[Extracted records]

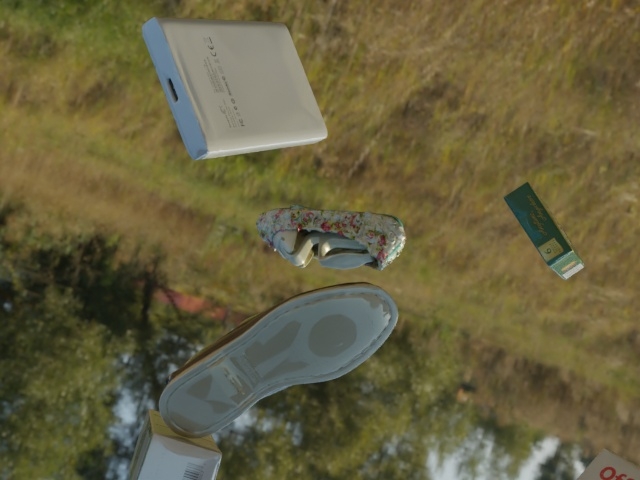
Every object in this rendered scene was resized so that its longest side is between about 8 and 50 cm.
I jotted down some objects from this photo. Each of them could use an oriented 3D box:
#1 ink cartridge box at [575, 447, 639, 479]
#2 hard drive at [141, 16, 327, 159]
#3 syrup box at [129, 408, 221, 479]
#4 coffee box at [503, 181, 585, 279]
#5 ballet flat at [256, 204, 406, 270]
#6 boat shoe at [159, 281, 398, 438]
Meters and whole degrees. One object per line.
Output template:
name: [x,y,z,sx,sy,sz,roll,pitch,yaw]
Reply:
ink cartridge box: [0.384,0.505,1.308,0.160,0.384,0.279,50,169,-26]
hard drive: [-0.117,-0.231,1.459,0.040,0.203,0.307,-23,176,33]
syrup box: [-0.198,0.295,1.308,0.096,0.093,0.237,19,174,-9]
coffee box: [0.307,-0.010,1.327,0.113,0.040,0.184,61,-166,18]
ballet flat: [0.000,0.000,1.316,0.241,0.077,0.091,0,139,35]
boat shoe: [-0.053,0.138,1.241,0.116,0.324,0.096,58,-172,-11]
* * *
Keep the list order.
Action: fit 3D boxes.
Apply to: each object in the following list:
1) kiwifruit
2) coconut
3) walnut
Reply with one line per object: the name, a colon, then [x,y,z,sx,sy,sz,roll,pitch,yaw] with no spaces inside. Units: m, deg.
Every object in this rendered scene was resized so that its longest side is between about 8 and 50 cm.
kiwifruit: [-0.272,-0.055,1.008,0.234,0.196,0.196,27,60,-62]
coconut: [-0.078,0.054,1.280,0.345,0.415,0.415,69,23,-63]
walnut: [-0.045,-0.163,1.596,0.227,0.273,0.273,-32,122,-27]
---
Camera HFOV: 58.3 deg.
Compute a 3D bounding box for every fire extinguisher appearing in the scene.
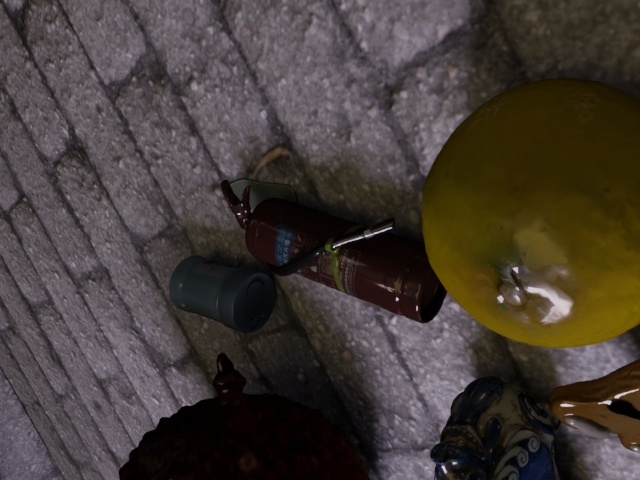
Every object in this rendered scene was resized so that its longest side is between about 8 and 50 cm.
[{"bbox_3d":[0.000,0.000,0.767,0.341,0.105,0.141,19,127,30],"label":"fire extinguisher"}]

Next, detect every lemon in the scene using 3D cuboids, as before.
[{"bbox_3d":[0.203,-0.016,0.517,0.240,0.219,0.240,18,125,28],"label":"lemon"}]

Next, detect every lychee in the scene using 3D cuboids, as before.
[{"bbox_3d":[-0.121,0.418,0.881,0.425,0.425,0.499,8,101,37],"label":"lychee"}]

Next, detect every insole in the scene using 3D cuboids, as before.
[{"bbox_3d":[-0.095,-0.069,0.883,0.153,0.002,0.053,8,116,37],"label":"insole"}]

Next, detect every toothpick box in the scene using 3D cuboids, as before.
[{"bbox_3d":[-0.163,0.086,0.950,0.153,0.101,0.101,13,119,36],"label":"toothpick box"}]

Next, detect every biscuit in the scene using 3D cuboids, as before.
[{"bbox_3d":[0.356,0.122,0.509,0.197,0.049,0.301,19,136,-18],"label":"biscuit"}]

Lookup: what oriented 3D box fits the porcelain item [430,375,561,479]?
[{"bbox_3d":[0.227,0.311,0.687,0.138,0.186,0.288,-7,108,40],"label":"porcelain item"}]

### Activity
Write down only the number of lines above where the word "pitch" occurs.

### Response to the exercise
2